=== Task goal ===
Run through the records and show each line that includes the string "color".

:::::

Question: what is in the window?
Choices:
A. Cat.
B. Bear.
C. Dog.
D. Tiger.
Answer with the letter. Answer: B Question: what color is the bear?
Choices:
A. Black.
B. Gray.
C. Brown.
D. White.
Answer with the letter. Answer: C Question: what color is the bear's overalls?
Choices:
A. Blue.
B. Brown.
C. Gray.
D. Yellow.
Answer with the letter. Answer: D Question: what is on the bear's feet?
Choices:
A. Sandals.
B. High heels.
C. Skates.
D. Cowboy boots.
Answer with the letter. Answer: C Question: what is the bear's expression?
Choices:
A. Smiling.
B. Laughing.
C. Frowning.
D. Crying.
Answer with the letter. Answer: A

:::::

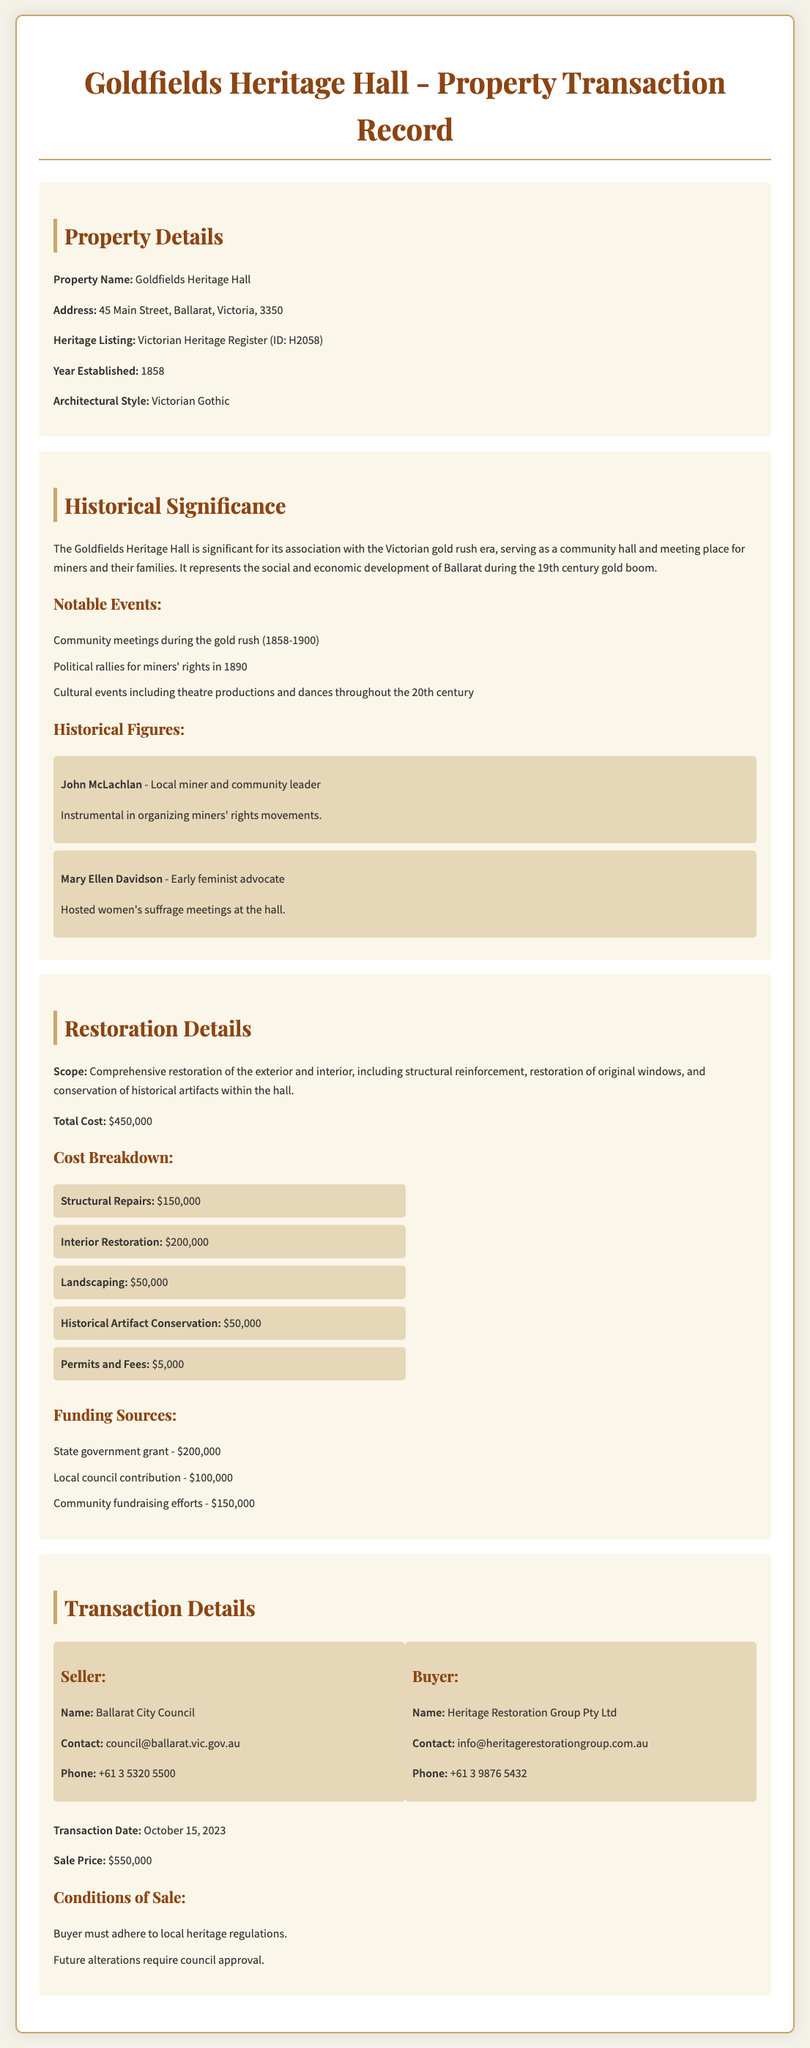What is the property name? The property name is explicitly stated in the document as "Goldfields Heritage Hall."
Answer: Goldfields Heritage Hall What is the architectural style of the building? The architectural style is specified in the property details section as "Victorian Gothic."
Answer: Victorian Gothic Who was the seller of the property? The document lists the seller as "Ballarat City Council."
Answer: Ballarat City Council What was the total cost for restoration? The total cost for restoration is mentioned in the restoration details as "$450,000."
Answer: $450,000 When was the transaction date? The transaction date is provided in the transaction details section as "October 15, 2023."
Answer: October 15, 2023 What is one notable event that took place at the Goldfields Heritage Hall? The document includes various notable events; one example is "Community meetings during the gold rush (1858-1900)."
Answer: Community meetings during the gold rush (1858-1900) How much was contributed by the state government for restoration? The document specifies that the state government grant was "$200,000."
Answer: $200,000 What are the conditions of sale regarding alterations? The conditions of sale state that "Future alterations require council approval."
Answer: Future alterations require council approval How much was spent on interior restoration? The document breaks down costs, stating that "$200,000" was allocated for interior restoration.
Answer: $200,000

:::::

=== Solution for this problem ===
Answer with the letter. Answer: B Question: what color is the bear?
Answer with the letter. Answer: C Question: what color is the bear's overalls?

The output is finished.